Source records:
====
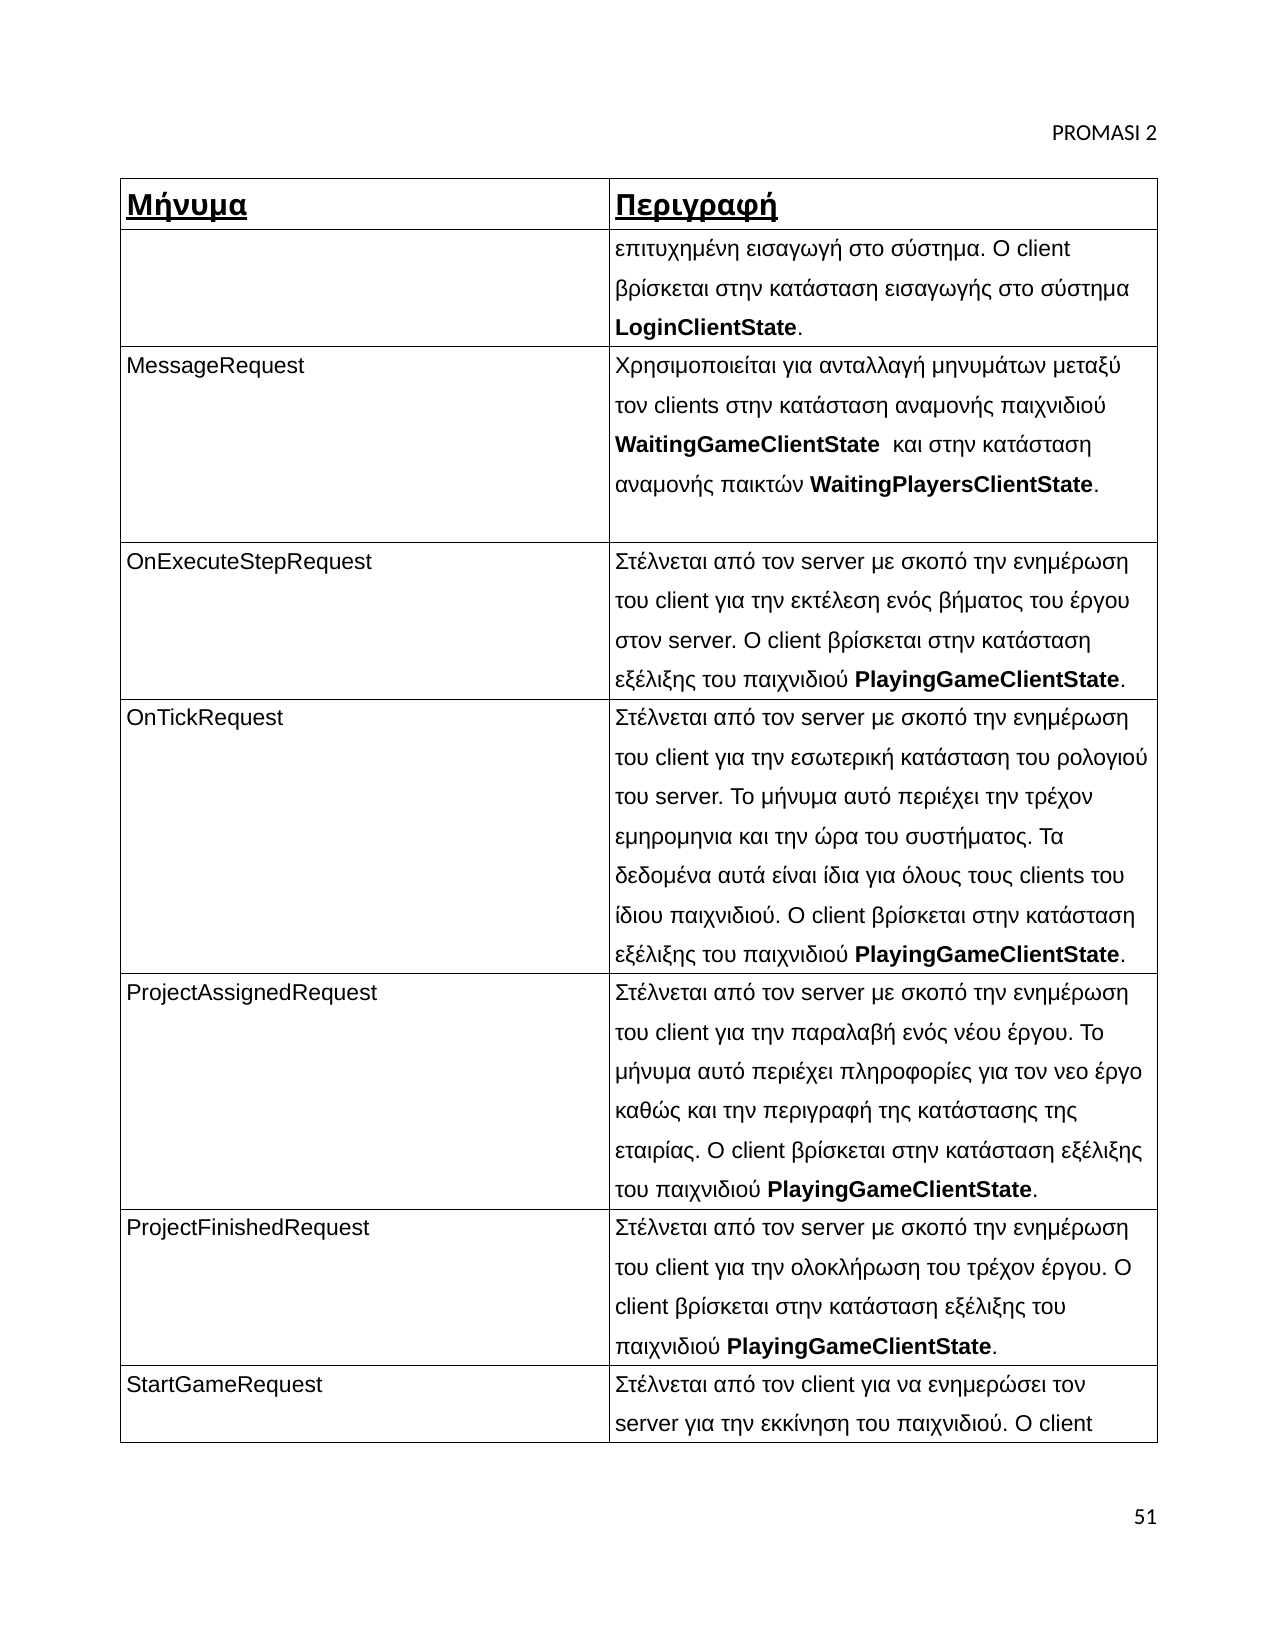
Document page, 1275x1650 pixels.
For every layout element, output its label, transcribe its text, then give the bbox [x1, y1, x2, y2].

table_cell ProjectAssignedRequest [121, 974, 609, 1208]
table_cell [121, 230, 609, 346]
table_cell Στέλνεται από τον server με σκοπό την ενημέρωση του client για την εκτέλεση ενός βήματος του έργου στον server. Ο client βρίσκεται στην κατάσταση εξέλιξης του παιχνιδιού PlayingGameClientState. [610, 543, 1157, 698]
table_cell Στέλνεται από τον server με σκοπό την ενημέρωση του client για την ολοκλήρωση του τρέχον έργου. Ο client βρίσκεται στην κατάσταση εξέλιξης του παιχνιδιού PlayingGameClientState. [610, 1210, 1157, 1365]
table_cell ProjectFinishedRequest [121, 1210, 609, 1365]
table_cell OnTickRequest [121, 700, 609, 973]
table_cell OnExecuteStepRequest [121, 543, 609, 698]
table_cell Στέλνεται από τον server με σκοπό την ενημέρωση του client για την παραλαβή ενός νέου έργου. Το μήνυμα αυτό περιέχει πληροφορίες για τον νεο έργο καθώς και την περιγραφή της κατάστασης της εταιρίας. Ο client βρίσκεται στην κατάσταση εξέλιξης του παιχνιδιού PlayingGameClientState. [610, 974, 1157, 1208]
table_cell Στέλνεται από τον client για να ενημερώσει τον server για την εκκίνηση του παιχνιδιού. Ο client [610, 1366, 1157, 1442]
table_cell MessageRequest [121, 347, 609, 542]
table_cell Χρησιμοποιείται για ανταλλαγή μηνυμάτων μεταξύ τον clients στην κατάσταση αναμονής παιχνιδιού WaitingGameClientState και στην κατάσταση αναμονής παικτών WaitingPlayersClientState. [610, 347, 1157, 542]
table_cell Στέλνεται από τον server με σκοπό την ενημέρωση του client για την εσωτερική κατάσταση του ρολογιού του server. Το μήνυμα αυτό περιέχει την τρέχον εμηρομηνια και την ώρα του συστήματος. Τα δεδομένα αυτά είναι ίδια για όλους τους clients του ίδιου παιχνιδιού. Ο client βρίσκεται στην κατάσταση εξέλιξης του παιχνιδιού PlayingGameClientState. [610, 700, 1157, 973]
table_header Μήνυμα [121, 179, 609, 229]
table_header Περιγραφή [610, 179, 1157, 229]
table_cell StartGameRequest [121, 1366, 609, 1442]
table_cell επιτυχημένη εισαγωγή στο σύστημα. Ο client βρίσκεται στην κατάσταση εισαγωγής στο σύστημα LoginClientState. [610, 230, 1157, 346]
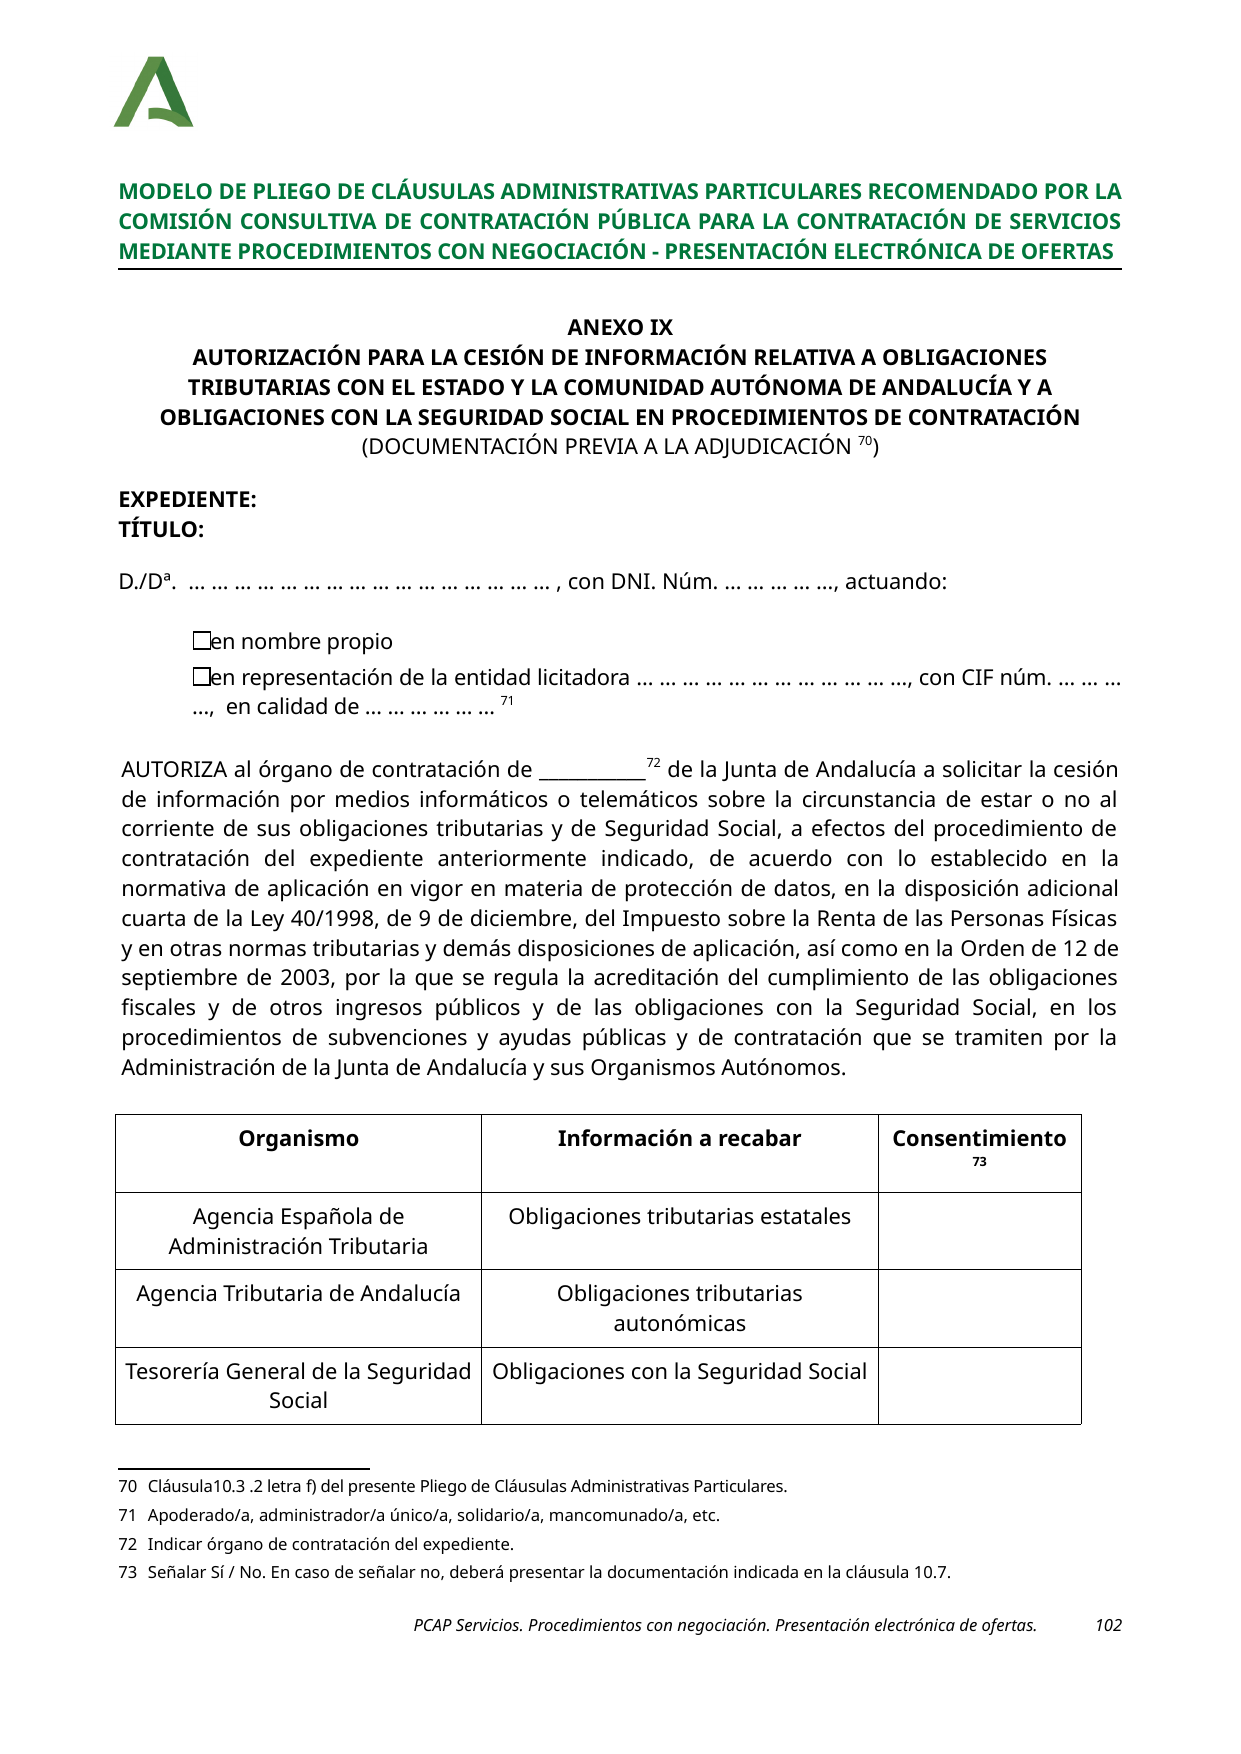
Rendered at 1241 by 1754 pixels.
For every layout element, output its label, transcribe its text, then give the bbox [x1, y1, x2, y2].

table_cell [879, 1348, 1081, 1424]
text Apoderado/a, administrador/a único/a, solidario/a, mancomunado/a, etc. [118, 1504, 1122, 1526]
table_cell Agencia Tributaria de Andalucía [116, 1270, 481, 1346]
table_cell [879, 1193, 1081, 1269]
table_cell Obligaciones tributarias estatales [482, 1193, 878, 1269]
text EXPEDIENTE: [118, 484, 1122, 514]
text TÍTULO: [118, 514, 1122, 543]
picture [109, 52, 198, 131]
table_cell [879, 1270, 1081, 1346]
text en representación de la entidad licitadora … … … … … … … … … … … …, con CIF núm. … … … …, en calidad de … … … … … … [192, 662, 1122, 721]
table_cell Obligaciones con la Seguridad Social [482, 1348, 878, 1424]
table_header Organismo [116, 1115, 481, 1192]
text (DOCUMENTACIÓN PREVIA A LA ADJUDICACIÓN ) [118, 431, 1122, 461]
text MODELO DE PLIEGO DE CLÁUSULAS ADMINISTRATIVAS PARTICULARES RECOMENDADO POR LA COMISIÓN CONSULTIVA DE CONTRATACIÓN PÚBLICA PARA LA CONTRATACIÓN DE SERVICIOS MEDIANTE PROCEDIMIENTOS CON NEGOCIACIÓN - PRESENTACIÓN ELECTRÓNICA DE OFERTAS [118, 176, 1122, 268]
table_header Información a recabar [482, 1115, 878, 1192]
text AUTORIZA al órgano de contratación de ___________ de la Junta de Andalucía a solicitar la cesión de información por medios informáticos o telemáticos sobre la circunstancia de estar o no al corriente de sus obligaciones tributarias y de Seguridad Social, a efectos del procedimiento de contratación del expediente anteriormente indicado, de acuerdo con lo establecido en la normativa de aplicación en vigor en materia de protección de datos, en la disposición adicional cuarta de la Ley 40/1998, de 9 de diciembre, del Impuesto sobre la Renta de las Personas Físicas y en otras normas tributarias y demás disposiciones de aplicación, así como en la Orden de 12 de septiembre de 2003, por la que se regula la acreditación del cumplimiento de las obligaciones fiscales y de otros ingresos públicos y de las obligaciones con la Seguridad Social, en los procedimientos de subvenciones y ayudas públicas y de contratación que se tramiten por la Administración de la Junta de Andalucía y sus Organismos Autónomos. [118, 751, 1122, 1082]
text Cláusula10.3 .2 letra f) del presente Pliego de Cláusulas Administrativas Particulares. [118, 1475, 1122, 1498]
text en nombre propio [192, 626, 1122, 656]
text AUTORIZACIÓN PARA LA CESIÓN DE INFORMACIÓN RELATIVA A OBLIGACIONES TRIBUTARIAS CON EL ESTADO Y LA COMUNIDAD AUTÓNOMA DE ANDALUCÍA Y A OBLIGACIONES CON LA SEGURIDAD SOCIAL EN PROCEDIMIENTOS DE CONTRATACIÓN [118, 342, 1122, 431]
table_cell Agencia Española de Administración Tributaria [116, 1193, 481, 1269]
text D./Dª. … … … … … … … … … … … … … … … … , con DNI. Núm. … … … … …, actuando: [118, 566, 1122, 596]
text Indicar órgano de contratación del expediente. [118, 1532, 1122, 1555]
table_header Consentimiento [879, 1115, 1081, 1192]
table_cell Obligaciones tributarias autonómicas [482, 1270, 878, 1346]
text ANEXO IX [118, 312, 1122, 342]
table_cell Tesorería General de la Seguridad Social [116, 1348, 481, 1424]
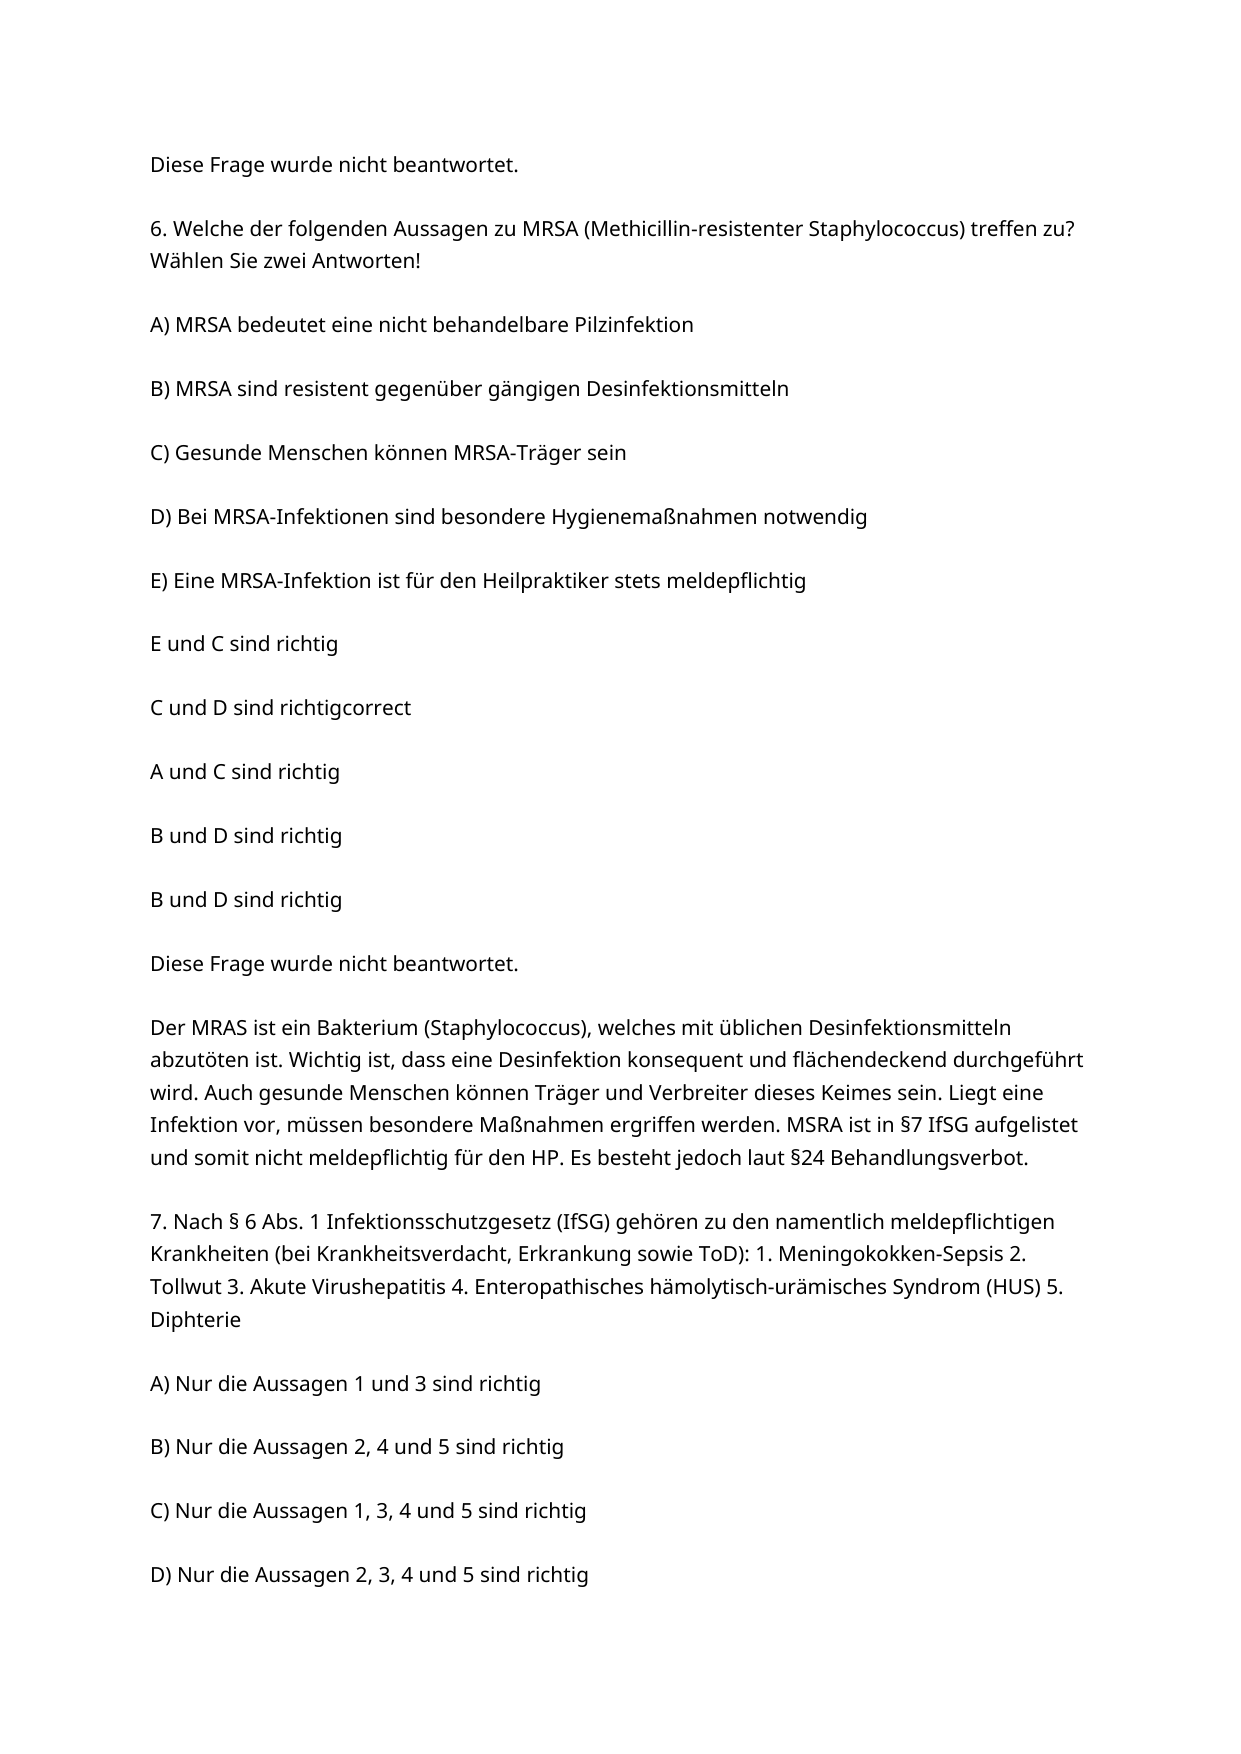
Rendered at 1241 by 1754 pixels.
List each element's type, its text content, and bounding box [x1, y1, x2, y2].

text C) Gesunde Menschen können MRSA-Träger sein [150, 438, 1090, 466]
text B) MRSA sind resistent gegenüber gängigen Desinfektionsmitteln [150, 374, 1090, 403]
text C und D sind richtigcorrect [150, 693, 1090, 722]
text A) Nur die Aussagen 1 und 3 sind richtig [150, 1369, 1090, 1397]
text Diese Frage wurde nicht beantwortet. [150, 150, 1090, 178]
text Der MRAS ist ein Bakterium (Staphylococcus), welches mit üblichen Desinfektionsmitteln abzutöten ist. Wichtig ist, dass eine Desinfektion konsequent und flächendeckend durchgeführt wird. Auch gesunde Menschen können Träger und Verbreiter dieses Keimes sein. Liegt eine Infektion vor, müssen besondere Maßnahmen ergriffen werden. MSRA ist in §7 IfSG aufgelistet und somit nicht meldepflichtig für den HP. Es besteht jedoch laut §24 Behandlungsverbot. [150, 1013, 1090, 1172]
text D) Bei MRSA-Infektionen sind besondere Hygienemaßnahmen notwendig [150, 502, 1090, 530]
text E) Eine MRSA-Infektion ist für den Heilpraktiker stets meldepflichtig [150, 566, 1090, 594]
text Diese Frage wurde nicht beantwortet. [150, 949, 1090, 977]
text B und D sind richtig [150, 885, 1090, 913]
text C) Nur die Aussagen 1, 3, 4 und 5 sind richtig [150, 1496, 1090, 1525]
text 6. Welche der folgenden Aussagen zu MRSA (Methicillin-resistenter Staphylococcus) treffen zu? Wählen Sie zwei Antworten! [150, 214, 1090, 275]
text B und D sind richtig [150, 821, 1090, 849]
text A) MRSA bedeutet eine nicht behandelbare Pilzinfektion [150, 310, 1090, 339]
text E und C sind richtig [150, 629, 1090, 658]
text B) Nur die Aussagen 2, 4 und 5 sind richtig [150, 1432, 1090, 1461]
text 7. Nach § 6 Abs. 1 Infektionsschutzgesetz (IfSG) gehören zu den namentlich meldepflichtigen Krankheiten (bei Krankheitsverdacht, Erkrankung sowie ToD): 1. Meningokokken-Sepsis 2. Tollwut 3. Akute Virushepatitis 4. Enteropathisches hämolytisch-urämisches Syndrom (HUS) 5. Diphterie [150, 1207, 1090, 1333]
text A und C sind richtig [150, 757, 1090, 786]
text D) Nur die Aussagen 2, 3, 4 und 5 sind richtig [150, 1560, 1090, 1589]
====
▶ [Exercise directions]:
Your task is to return the lines above, from the first one up to and including the line containing "974, 1157, 1208]", minus any pictures.

▶ [Exercise result]:
Document page, 1275x1650 pixels.
For every layout element, output its label, transcribe its text, then give the bbox [x1, y1, x2, y2].

table_cell ProjectAssignedRequest [121, 974, 609, 1208]
table_cell [121, 230, 609, 346]
table_cell Στέλνεται από τον server με σκοπό την ενημέρωση του client για την εκτέλεση ενός βήματος του έργου στον server. Ο client βρίσκεται στην κατάσταση εξέλιξης του παιχνιδιού PlayingGameClientState. [610, 543, 1157, 698]
table_cell Στέλνεται από τον server με σκοπό την ενημέρωση του client για την ολοκλήρωση του τρέχον έργου. Ο client βρίσκεται στην κατάσταση εξέλιξης του παιχνιδιού PlayingGameClientState. [610, 1210, 1157, 1365]
table_cell ProjectFinishedRequest [121, 1210, 609, 1365]
table_cell OnTickRequest [121, 700, 609, 973]
table_cell OnExecuteStepRequest [121, 543, 609, 698]
table_cell Στέλνεται από τον server με σκοπό την ενημέρωση του client για την παραλαβή ενός νέου έργου. Το μήνυμα αυτό περιέχει πληροφορίες για τον νεο έργο καθώς και την περιγραφή της κατάστασης της εταιρίας. Ο client βρίσκεται στην κατάσταση εξέλιξης του παιχνιδιού PlayingGameClientState. [610, 974, 1157, 1208]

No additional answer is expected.